Canada faces a choice: Build new fossil fuel pipelines that deepen the climate crisis, damage ecosystems, endanger communities and enrich oil and gas billionaires, or build a truly resilient, people- and nature-centred future powered by renewables.
In November 2025, Prime Minister Mark Carney made a damaging deal with Alberta to fast-track a new diluted bitumen oil pipeline to B.C.'s coast while rolling back key environmental protections. This pipeline would lock Canada into deeper dependence on a declining, high-polluting industry and put North Pacific ecosystems and coastal First Nations at risk from increased tanker traffic and catastrophic oil spills.
There's still time to stop this pipeline ploy and choose a fossil-fuel free future. Alberta intends to submit its pipeline proposal to the federal government's Major Projects Office by July 1, 2026.
Act now! Message Carney and ask him to reject Alberta's pipeline ploy.
People throughout Canada are facing more frequent and intense climate disasters and are struggling to put food on the table during a cost-of-living-crisis. Meanwhile, politicians are pandering to wealthy fossil fuel companies and giving them tax breaks.
There are better ways to strengthen Canada — such as building out an east-west electricity grid powered by affordable renewable energy, which would lower household energy bills. Real nation-building projects will advance climate objectives, protect nature, uphold Indigenous rights and create long-term prosperity.
Together we can choose a better path.
Dear Prime Minister Mark Carney,
You have said that climate action is a moral duty and an economic imperative. I agree. But actions speak louder than words. I call on you to reject Alberta's proposal for a new diluted bitumen pipeline to B.C.'s coast.
As Canada confronts economic and geopolitical instability, deepening our dependence on fossil fuels is not a solution; it's a liability. Affordable renewable energy — not fossil fuels — will be the backbone of thriving economies.
In the words of United Nations secretary general António Guterres, "Countries clinging to fossil fuels are not protecting their economies — they are sabotaging them, increasing costs, weakening competitiveness, becoming stuck with stranded assets, and missing out on the greatest economic opportunity of the 21st century."
Moreover, increasing fossil fuel production and exports — as proposed in your November 2025 memorandum of understanding with Alberta Premier Danielle Smith — is inconsistent with Canada's climate commitments and legal obligations. Fossil fuels are the primary cause of climate change. Canada must work with other countries to urgently reduce global demand for fossil fuels.
This requires pivoting decisively to renewable energy, not wasting time and resources on costly fossil fuel infrastructure projects that would lock in decades of avoidable emissions and put ecosystems at risk.

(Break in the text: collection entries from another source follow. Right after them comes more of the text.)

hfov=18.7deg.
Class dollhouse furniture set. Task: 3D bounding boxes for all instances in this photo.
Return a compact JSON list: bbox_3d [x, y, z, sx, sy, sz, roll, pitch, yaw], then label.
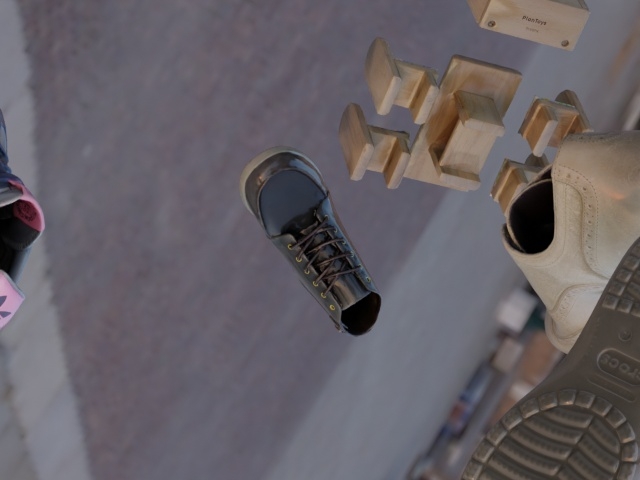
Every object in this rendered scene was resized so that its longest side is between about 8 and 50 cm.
[{"bbox_3d":[0.151,-0.167,1.884,0.161,0.212,0.242,-105,-147,-54],"label":"dollhouse furniture set"}]

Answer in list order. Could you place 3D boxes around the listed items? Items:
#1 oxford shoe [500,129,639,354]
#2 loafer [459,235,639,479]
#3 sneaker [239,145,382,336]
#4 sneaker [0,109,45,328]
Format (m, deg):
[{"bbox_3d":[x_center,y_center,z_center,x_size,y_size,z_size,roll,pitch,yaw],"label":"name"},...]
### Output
[{"bbox_3d":[0.212,-0.002,1.495,0.397,0.146,0.140,104,5,-70],"label":"oxford shoe"},{"bbox_3d":[0.170,0.109,1.126,0.251,0.094,0.087,-52,149,-5],"label":"loafer"},{"bbox_3d":[0.000,0.000,1.943,0.083,0.118,0.222,-36,141,-2],"label":"sneaker"},{"bbox_3d":[-0.279,-0.028,1.618,0.112,0.131,0.319,53,25,-38],"label":"sneaker"}]

Coastal First Nations oppose a bitumen pipeline that would put tankers off B.C.'s north coast. The North Pacific coastal ecosystem is ecologically and culturally significant and a major economic driver in the region. The consequences of a catastrophic oil spill are unacceptable.
I stand with Coastal First Nations in calling on your government to uphold the Oil Tanker Moratorium Act and reject Alberta's pipeline proposal.